Wenn operiert wird, gibt es keine Unterschiede. Der Profisportler wird häufig - wie auch Khedira - bereits Tage (oder Stunden!) nach der Verletzung operiert. Aber wie schon gesagt, stellt sich erst einmal grundsätzlich die Frage, ob die OP notwendig ist. Und selbst bei einem Kreis- oder Landesligaspieler sollte abgewartet werden, bis das Kniegelenk vollständig abgeschwollen und die Beweglichkeit frei ist.
Kann man ohne ein vorderes Kreuzband Skifahren?
Bei gutem Muskelaufbau kann man problemlos ohne ein vorderes Kreuzband Skifahren. Man sollte lediglich auf die Buckelpiste verzichten um kein unnötiges Risiko einzugehen. Diese Vorsichtsmaßnahme würde ich aber auch jedem Patienten nach einer vorderen Kreuzbandplastik empfehlen.
Verhindert die Implantation eines vorderen Kreuzbandes die spätere Entstehung einer Arthrose (Verschleißerkrankung) des Kniegelenkes?

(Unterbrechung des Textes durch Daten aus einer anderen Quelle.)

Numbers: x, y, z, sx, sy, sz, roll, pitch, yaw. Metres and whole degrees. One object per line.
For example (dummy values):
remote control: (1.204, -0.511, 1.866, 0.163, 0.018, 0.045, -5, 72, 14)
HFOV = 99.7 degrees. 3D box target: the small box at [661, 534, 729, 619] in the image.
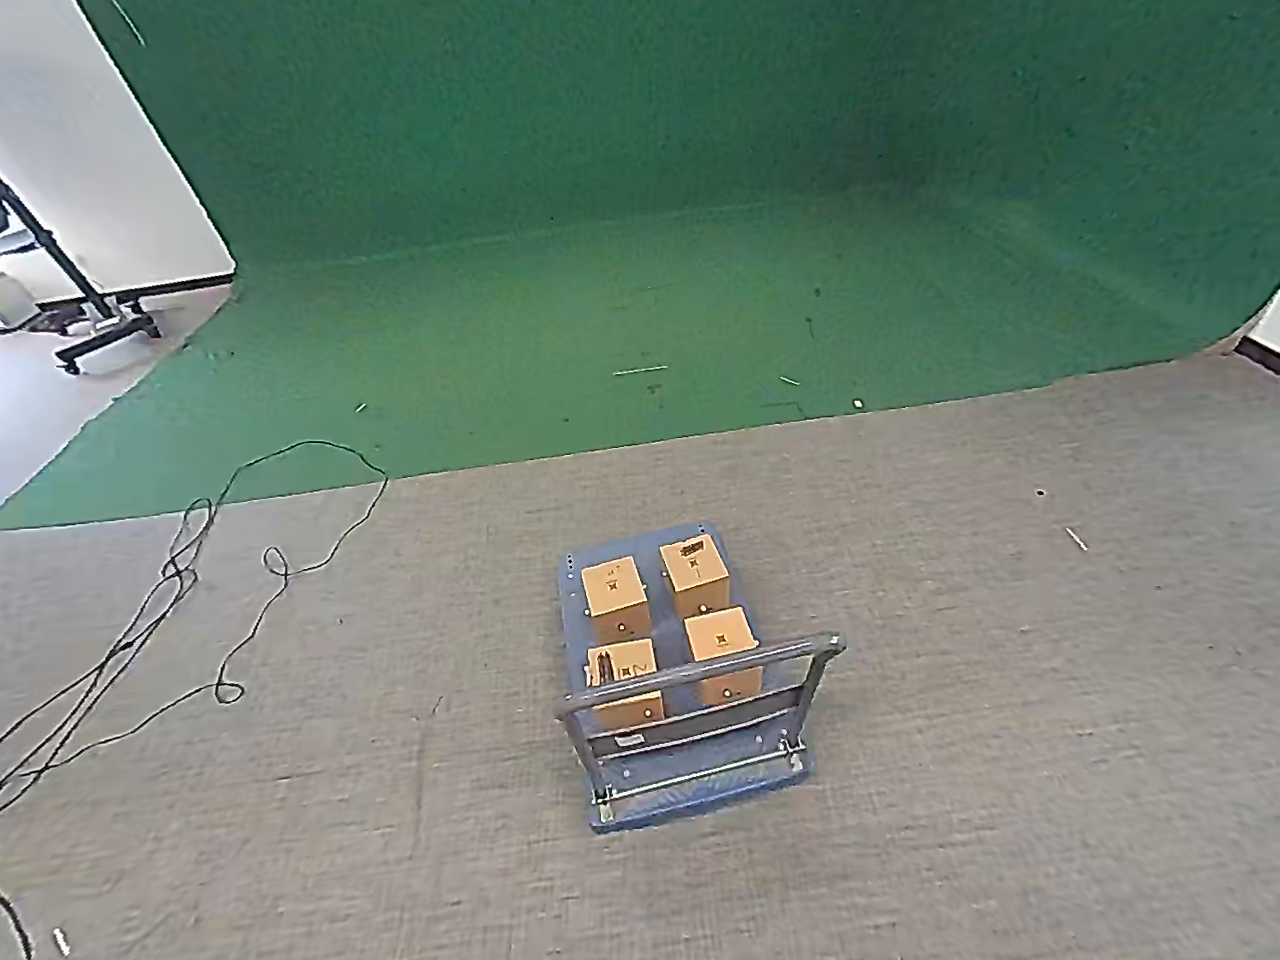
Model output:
small box: (0.171, 0.303, 1.697, 0.168, 0.176, 0.179, -15, 45, -6)

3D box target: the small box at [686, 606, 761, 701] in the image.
small box: (0.227, 0.484, 1.503, 0.168, 0.176, 0.179, -12, 44, -4)

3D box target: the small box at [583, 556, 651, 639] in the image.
small box: (-0.070, 0.370, 1.665, 0.168, 0.176, 0.179, -14, 44, -8)
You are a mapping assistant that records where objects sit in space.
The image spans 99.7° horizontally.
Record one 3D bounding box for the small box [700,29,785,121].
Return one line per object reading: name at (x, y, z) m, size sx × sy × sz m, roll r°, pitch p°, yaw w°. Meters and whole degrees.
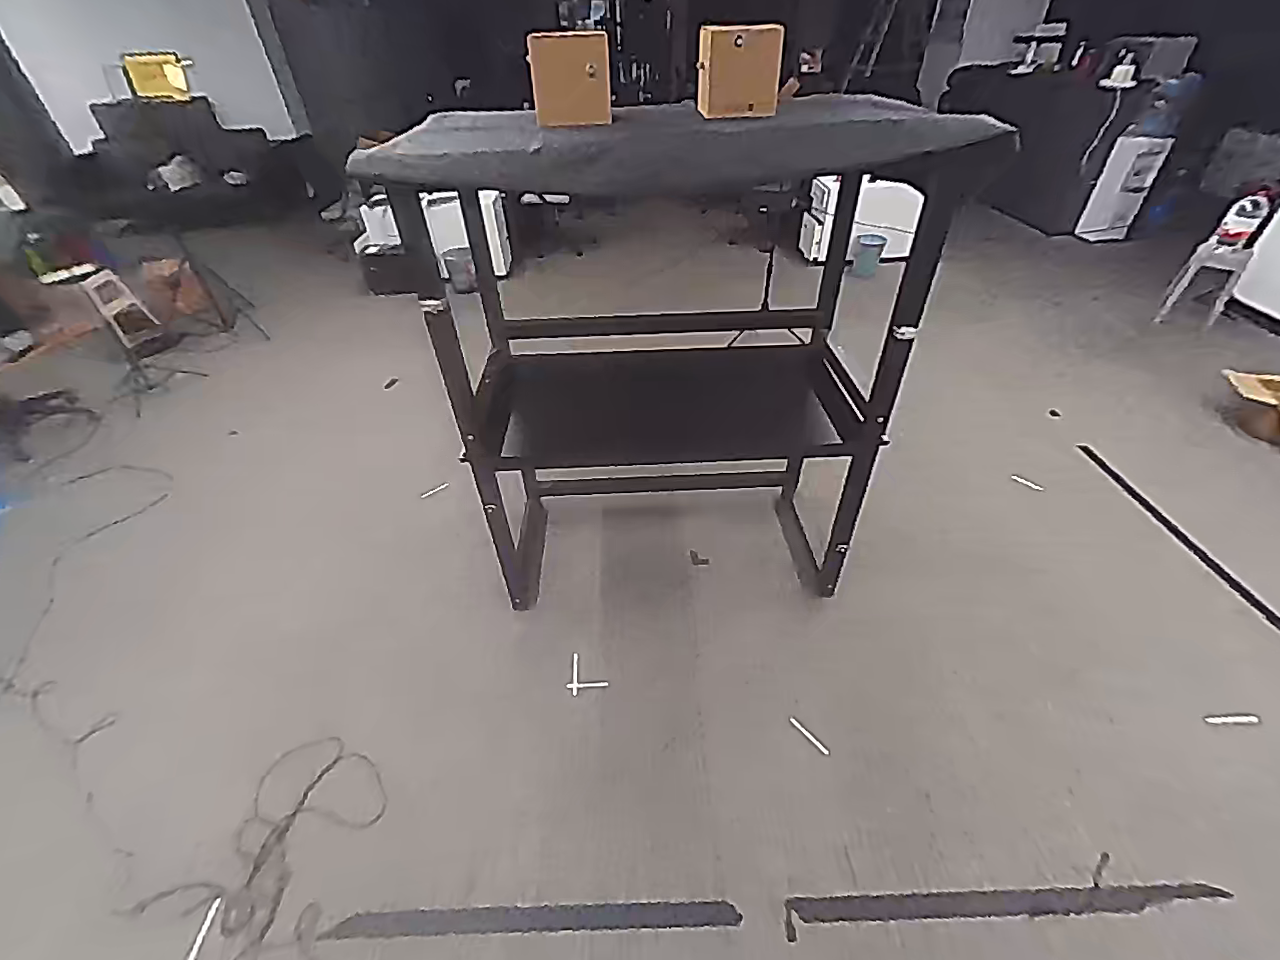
small box at (0.239, -0.980, 1.310) m, size 0.168 × 0.176 × 0.179 m, roll -3°, pitch 40°, yaw -1°
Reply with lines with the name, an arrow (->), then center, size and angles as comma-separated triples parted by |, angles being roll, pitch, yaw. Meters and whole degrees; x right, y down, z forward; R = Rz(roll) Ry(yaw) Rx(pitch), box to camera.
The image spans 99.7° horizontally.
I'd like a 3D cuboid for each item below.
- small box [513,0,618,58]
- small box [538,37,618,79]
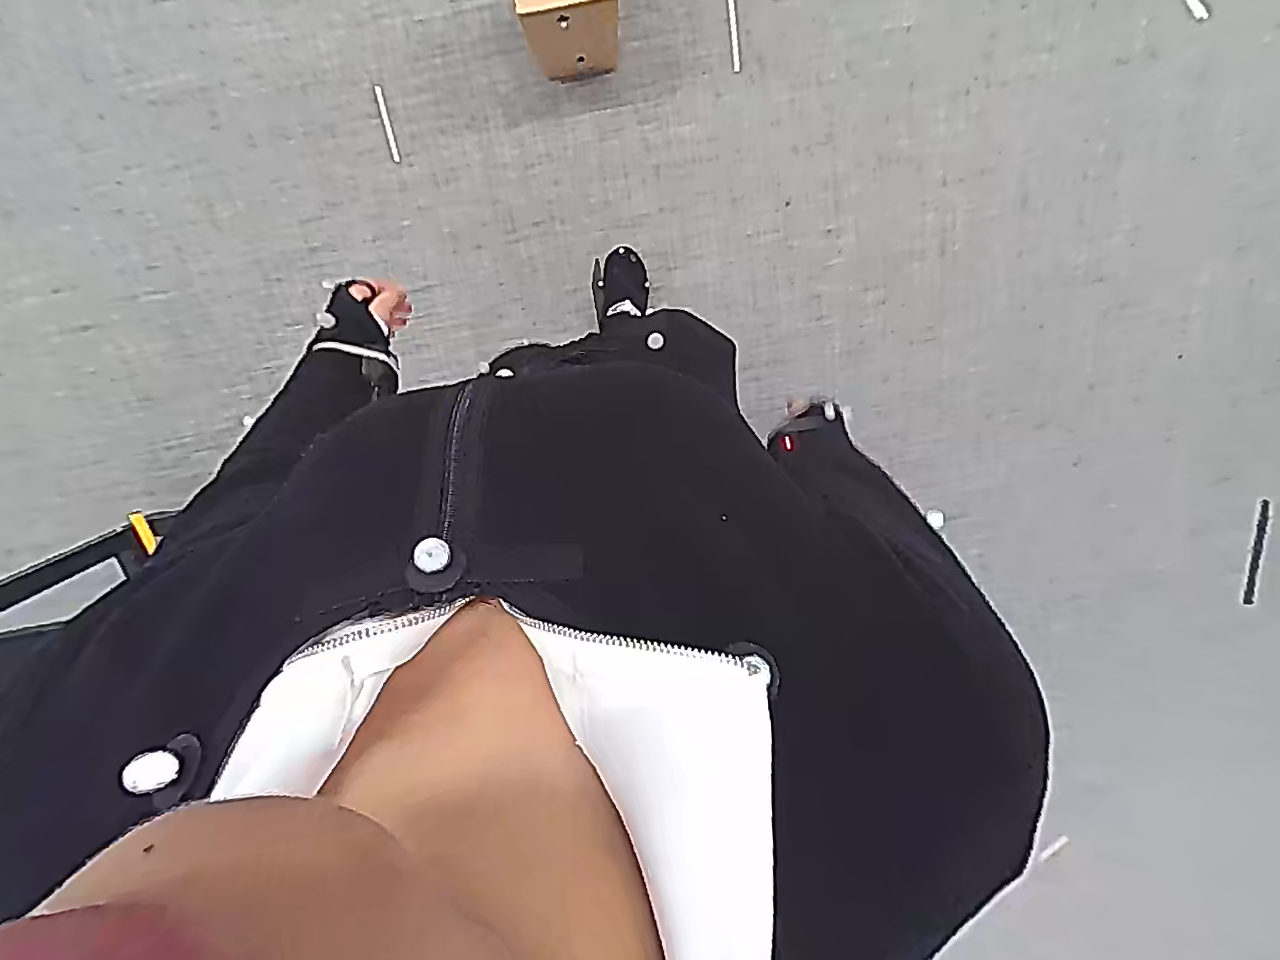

Leider verhindert sie das nicht - im Gegenteil: neuere Studien belegen, dass die Implantation eines vorderen Kreuzbandes die frühzeitige Entwicklung einer Arthose sogar beschleunigt. Dies ist ein weiteres Argument für den Nicht-Spitzensportler, viel Zeit und Energie in einen intensiven Muskelaufbau zu stecken und die Operation nur dann durchführen zu lassen wenn der Muskelaufbau nicht zu der gewünschten Stabilität geführt hat.